Yes, unfortunately, it’s that time of year again, when the
lords of college football decide to add even more meaningless games
to the schedule ““ bowl games. This year, the Hawaii Bowl, the
San Francisco Bowl and the Continental Tires Bowl have been added
to the schedule, bringing the bowl total to 28.
Fifty-six teams make a bowl game. 56. There are only 117 teams.
And 56 make it to a bowl game. They won’t always necessarily
be the best 56, either. Schools such as UCLA could pass on a bowl
appearance. The 6-5 teams from the Conference-USA and Mid-American
Conference could easily make a bowl game.
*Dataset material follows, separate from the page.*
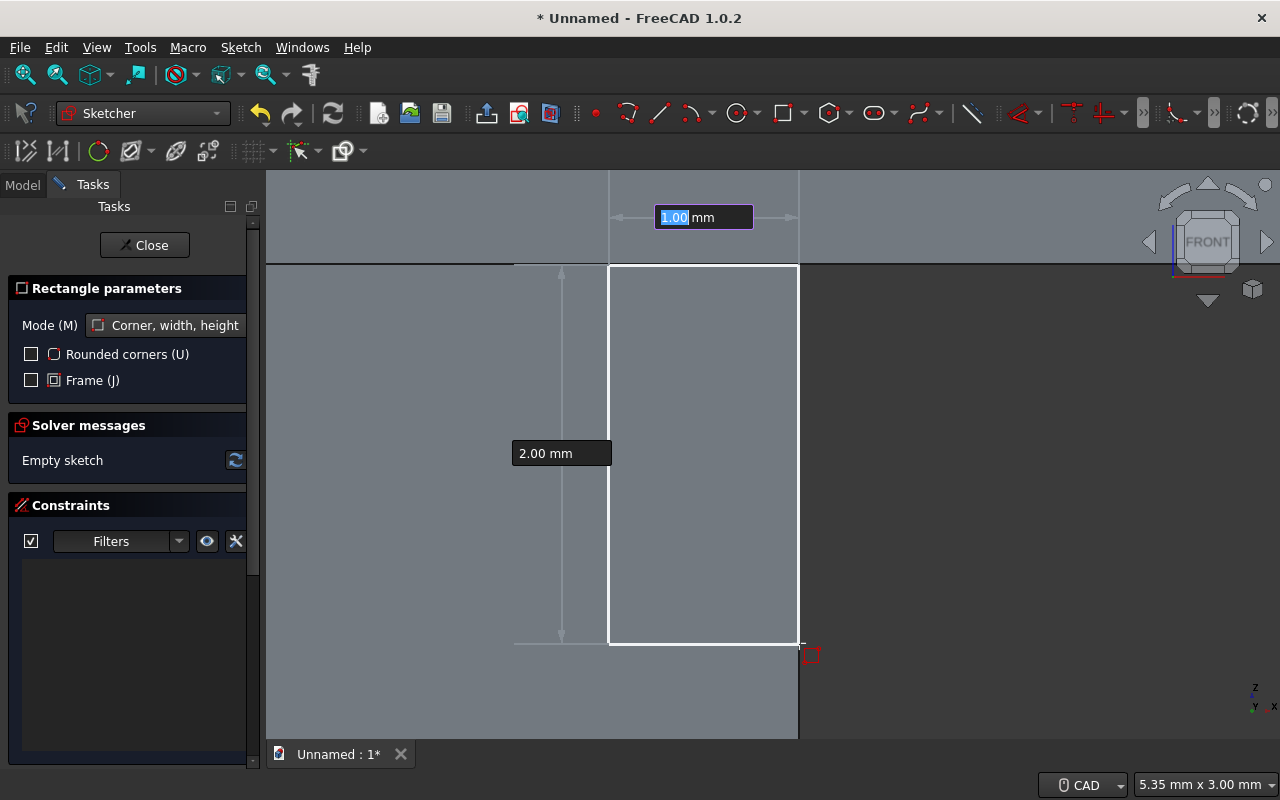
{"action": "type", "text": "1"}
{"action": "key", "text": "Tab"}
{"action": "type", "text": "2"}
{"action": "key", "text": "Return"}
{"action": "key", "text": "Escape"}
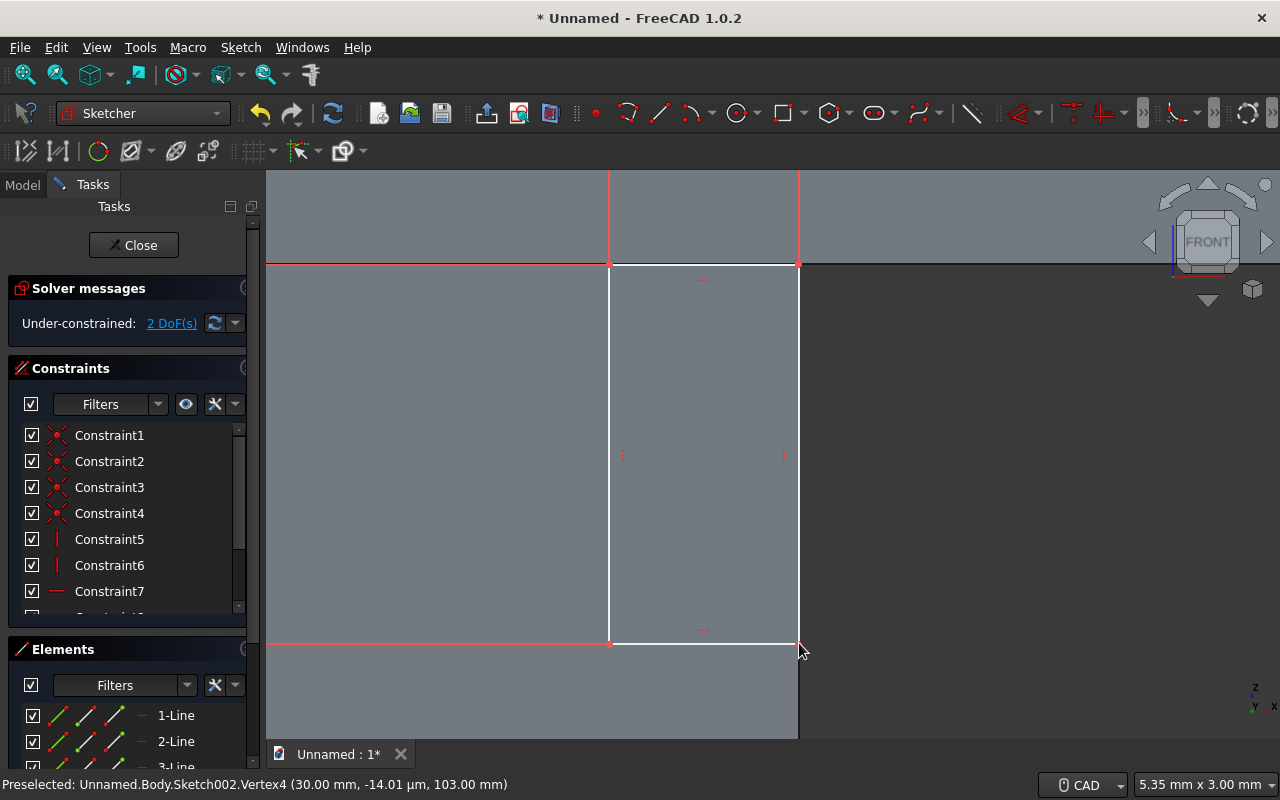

How bad will some of these bowl games be? The Hawaii Bowl
match-up mentioned above would feature those two unwatchable teams
if you were to factor in last year’s standings. The San
Francisco Bowl would match Pittsburgh (No. 5 in Big East) and New
Mexico (No. 4 Mountain West), and the Continental Tires Bowl would
have Boston College (No. 4 Big East) against Georgia Tech (No. 5
ACC). The Mainstay Independence Bowl would get Arkansas and your
choice of Rice, Miami (Ohio), Kent State, Northern Illinois and
Southern Mississippi (No. 6 Conference-USA ““ and they have a
chance to make it to a bowl?).
In fact, there are so many bowl games that some conferences
wouldn’t have enough teams with a winning record to send to
all of their guaranteed bowl games, such as the Big 10 and Big 12.
This would leave the bowl games with the vacated spots and three
bowl games that take at-large bids, Motor City Bowl, Crucial.com
Humanitarian Bowl and Silicon Valley Classic scrambling for the
remaining bowl-eligible teams. I can picture it now:
Humanitarian Bowl representative: “We want Bowling
Green!”
Motor City Bowl: “No, we want Bowling Green!”
Sixty-three teams were bowl eligible last year, and if 63 were
to be bowl-eligible this year, only seven wouldn’t make it to
a bowl. First of all, a few of those seven would have probably
turned down bowl invitations. Second of all, 63 bowl-eligible teams
seems pretty high for only 117 teams. Theoretically, only half of
the teams should have winning records, which would be 58. Only two
bowl-eligible teams would then miss a bowl game, and both of those
would probably have declined their invitations.
On the Statue of Liberty, it says “Give me your tired,
give me your poor, give me your huddled masses yearning to be
free.” The NCAA seems to be saying “Give me your weak,
give me your mediocre, give me your 6-5 teams that really earned a
bowl game.”
Where does this rapid expansion of bowl games end? When teams
with losing records make bowl games?
Hopefully, but probably not. Sadly, the bowls will continue to
grow and grow until they start losing money. All of the prize money
involved into going to a bowl game would make it hard for more
bowls to arise. Even the Continental Tires Bowl, one of the less
exciting bowl games will give each of its participants
$750,000.
Personally, I’d love it if Major League Baseball
Commissioner Bud “Contraction” Selig (or as Expos fans
call him, “Le Diable”), would be in charge of college
football. He’d quickly contract at least four bowl games and
incorporate a playoff system. You know a sport is in peril when a
fan wants the devil to run it.
Memo to NCAA: Please, enough is enough!